In Afterparty, that singular concept is Hell. It’s less Dante and Milton, more The Good Place though. Torture confined to work hours, bars for demons and the damned alike to relax in, and a rager of a party thrown by Satan every night. The writing’s good, but the jokes hidden in the environment are often even better. Keep an eye out.
Arise: A Simple Story
Arise: A Simple Story is the most beautiful game I played in 2019. It’s stunning. In the first level, you’re using the triggers to transition between winter and spring, the landscape freezing into snow drifts and ice floes one moment and then flooding the next. The second level depicts a world in miniature, traversed by jumping on sunflowers and hanging from bees. The third, a calamity rends the world in two, great sheets of rock tumbling into the abyss below—until you raise them back up again for safe passage.
It goes on and on, one unique idea after another. I wish the platforming were a bit more interesting, but everything else is so richly depicted it doesn’t matter. Arise is a simple story, yes, but wonderfully told.
Kind Words
If you simply need a place to talk about your problems, visit Kind Words. “Group therapy” is maybe too lofty a term for what goes on there, but Kind Words is a place to receive wholly anonymous moral support and advice from strangers—or give the same to others. This takes the form of letters, 150-word snippets wherein you either lay out your own fears or respond to other people. Be warned, the topics discussed can get heavy. Or it can simply be a teenager asking for advice with their first relationship. I’ve seen both ends.

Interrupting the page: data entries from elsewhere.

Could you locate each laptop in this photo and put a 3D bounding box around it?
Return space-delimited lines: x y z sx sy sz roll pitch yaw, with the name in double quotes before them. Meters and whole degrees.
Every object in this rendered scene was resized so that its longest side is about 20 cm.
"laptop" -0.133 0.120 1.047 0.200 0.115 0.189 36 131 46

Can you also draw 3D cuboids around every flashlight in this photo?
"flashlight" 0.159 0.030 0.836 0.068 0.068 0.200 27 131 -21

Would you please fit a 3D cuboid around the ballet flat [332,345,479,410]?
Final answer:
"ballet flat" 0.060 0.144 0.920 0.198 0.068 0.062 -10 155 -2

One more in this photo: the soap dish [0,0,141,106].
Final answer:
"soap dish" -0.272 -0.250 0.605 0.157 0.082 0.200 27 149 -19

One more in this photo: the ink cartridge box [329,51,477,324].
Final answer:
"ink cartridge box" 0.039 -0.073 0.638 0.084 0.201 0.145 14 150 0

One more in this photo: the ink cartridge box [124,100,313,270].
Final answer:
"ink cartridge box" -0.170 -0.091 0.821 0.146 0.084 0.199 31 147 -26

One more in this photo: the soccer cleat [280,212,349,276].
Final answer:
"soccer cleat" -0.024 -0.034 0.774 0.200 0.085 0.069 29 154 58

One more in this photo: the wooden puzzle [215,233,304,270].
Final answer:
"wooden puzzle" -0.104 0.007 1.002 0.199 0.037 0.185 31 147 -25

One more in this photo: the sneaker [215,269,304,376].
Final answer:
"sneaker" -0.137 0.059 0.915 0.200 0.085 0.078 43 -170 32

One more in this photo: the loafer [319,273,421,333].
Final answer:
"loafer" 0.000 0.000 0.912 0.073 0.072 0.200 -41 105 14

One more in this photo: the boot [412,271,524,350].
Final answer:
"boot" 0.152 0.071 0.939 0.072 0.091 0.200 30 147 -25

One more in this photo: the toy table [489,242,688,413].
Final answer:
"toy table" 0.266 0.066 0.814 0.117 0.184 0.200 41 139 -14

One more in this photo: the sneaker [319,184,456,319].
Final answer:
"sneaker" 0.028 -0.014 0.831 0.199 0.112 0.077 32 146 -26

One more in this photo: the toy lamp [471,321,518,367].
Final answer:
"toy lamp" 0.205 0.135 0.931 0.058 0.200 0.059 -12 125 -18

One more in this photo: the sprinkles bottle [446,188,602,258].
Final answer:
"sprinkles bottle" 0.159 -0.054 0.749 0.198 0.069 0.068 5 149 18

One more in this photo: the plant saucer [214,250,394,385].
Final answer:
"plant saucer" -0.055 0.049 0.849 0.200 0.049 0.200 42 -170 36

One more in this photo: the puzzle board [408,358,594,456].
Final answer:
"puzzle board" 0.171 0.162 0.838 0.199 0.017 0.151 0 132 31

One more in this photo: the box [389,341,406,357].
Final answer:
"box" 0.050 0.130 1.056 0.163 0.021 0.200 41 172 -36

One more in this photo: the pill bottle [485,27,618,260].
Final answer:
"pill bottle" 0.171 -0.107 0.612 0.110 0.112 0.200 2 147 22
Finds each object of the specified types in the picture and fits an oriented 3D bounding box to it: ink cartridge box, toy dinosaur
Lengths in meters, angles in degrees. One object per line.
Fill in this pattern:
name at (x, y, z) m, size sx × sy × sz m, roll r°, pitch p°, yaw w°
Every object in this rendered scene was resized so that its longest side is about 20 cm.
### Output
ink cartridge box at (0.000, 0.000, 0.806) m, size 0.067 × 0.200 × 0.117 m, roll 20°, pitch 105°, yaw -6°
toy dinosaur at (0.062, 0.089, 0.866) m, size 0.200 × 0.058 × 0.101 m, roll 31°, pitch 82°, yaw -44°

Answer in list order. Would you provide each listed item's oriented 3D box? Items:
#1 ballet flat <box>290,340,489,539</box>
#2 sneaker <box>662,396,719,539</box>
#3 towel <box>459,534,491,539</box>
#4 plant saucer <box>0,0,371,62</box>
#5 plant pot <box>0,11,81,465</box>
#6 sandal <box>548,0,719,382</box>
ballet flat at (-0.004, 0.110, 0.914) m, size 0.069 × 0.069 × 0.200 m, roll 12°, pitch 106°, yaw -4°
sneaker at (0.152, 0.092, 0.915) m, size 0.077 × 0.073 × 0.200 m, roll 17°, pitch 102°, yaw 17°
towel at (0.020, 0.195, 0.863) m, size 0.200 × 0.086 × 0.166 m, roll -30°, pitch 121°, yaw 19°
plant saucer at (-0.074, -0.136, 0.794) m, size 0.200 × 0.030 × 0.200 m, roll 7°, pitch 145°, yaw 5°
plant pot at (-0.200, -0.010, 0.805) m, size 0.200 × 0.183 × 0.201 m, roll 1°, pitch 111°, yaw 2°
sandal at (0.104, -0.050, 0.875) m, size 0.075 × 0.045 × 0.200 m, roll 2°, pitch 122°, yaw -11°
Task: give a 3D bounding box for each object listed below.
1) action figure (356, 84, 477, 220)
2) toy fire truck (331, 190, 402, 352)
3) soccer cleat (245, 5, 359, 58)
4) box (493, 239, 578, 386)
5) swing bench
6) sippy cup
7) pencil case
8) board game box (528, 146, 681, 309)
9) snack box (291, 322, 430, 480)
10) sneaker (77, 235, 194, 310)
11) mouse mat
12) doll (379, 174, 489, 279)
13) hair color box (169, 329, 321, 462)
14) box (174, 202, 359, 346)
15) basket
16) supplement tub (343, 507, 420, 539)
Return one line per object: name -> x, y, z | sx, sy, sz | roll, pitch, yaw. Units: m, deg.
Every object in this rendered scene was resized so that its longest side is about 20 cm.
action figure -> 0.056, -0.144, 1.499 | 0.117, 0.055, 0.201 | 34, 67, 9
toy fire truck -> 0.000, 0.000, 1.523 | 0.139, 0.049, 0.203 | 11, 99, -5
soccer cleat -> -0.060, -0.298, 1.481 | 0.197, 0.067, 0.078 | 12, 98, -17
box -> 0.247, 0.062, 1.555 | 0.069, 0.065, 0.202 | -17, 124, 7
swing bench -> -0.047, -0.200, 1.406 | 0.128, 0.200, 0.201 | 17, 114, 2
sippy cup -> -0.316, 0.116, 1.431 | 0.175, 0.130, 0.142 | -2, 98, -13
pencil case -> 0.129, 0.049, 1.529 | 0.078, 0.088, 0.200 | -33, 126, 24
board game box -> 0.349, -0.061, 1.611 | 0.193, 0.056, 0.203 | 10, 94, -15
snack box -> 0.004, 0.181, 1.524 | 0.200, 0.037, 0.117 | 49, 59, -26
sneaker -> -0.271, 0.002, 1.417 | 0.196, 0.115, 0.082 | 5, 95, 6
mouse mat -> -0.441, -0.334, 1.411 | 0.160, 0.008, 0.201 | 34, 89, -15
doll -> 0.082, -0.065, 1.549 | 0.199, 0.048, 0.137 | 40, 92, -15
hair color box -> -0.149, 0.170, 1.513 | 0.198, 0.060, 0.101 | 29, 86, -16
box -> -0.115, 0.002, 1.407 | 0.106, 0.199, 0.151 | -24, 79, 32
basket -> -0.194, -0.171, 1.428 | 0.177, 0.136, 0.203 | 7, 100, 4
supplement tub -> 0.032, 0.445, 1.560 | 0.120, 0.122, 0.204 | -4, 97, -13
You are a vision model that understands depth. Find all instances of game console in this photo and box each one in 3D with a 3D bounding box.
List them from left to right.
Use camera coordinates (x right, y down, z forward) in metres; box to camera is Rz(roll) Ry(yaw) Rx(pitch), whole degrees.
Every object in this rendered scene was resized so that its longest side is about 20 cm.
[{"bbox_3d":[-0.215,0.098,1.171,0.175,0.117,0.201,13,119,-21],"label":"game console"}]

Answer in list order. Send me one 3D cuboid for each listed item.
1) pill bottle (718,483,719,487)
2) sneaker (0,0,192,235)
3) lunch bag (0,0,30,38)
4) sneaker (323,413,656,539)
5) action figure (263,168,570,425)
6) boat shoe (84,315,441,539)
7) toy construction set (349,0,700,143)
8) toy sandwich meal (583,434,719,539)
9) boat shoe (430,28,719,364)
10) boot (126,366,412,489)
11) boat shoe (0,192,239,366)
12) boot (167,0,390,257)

The only rule? Really and honestly? Be kind. It’s one of the few projects I’ve found where the community is by and large respectful of the stated goal.
Manifold Garden
Manifold Garden is a game to get lost in. Ostensibly a puzzle game, the goal is to manipulate gravity and transport blocks onto switches. You know: Make a wall the floor so you can move past an obstacle.
Simple enough, except every structure in Manifold Garden is a labyrinth of impossible staircases and floors that become walls that become floors, on and on into infinity—a place where you fall into the void and then land right back where you started. This Escher-like quality is the true hook of Manifold Garden, taking the non-Euclidean architecture of Antichamber and making it somehow even more confusing through unbounded repetition.
AI Dungeon 2
A last-minute addition to the list, AI Dungeon 2 is the strangest story you’re liable to play in 2019—because a computer wrote it. Creator Nick Walton used OpenAI’s GPT2 model to develop a text adventure that theoretically writes itself. No need for some pesky human to think three steps ahead of the player here. Any setting you want, you can play it. Any action you want to take, you can try it.
Of course, you’re more than likely going to receive nonsense in return. AI Dungeon 2 is great at moment-to-moment interactions, less so at carrying a coherent plot. (Check out my Sherlock Holmes story above to see an example.) It’s a fascinating way to spend a few hours though, mucking about with different story seeds and seeing what it spits back out. I recommend feeding it details from a favorite film or book to start. And hey, it’s free-to-play (for the moment at least) but apparently is ridiculously expensive to run, so maybe toss them a few bucks if you enjoy it.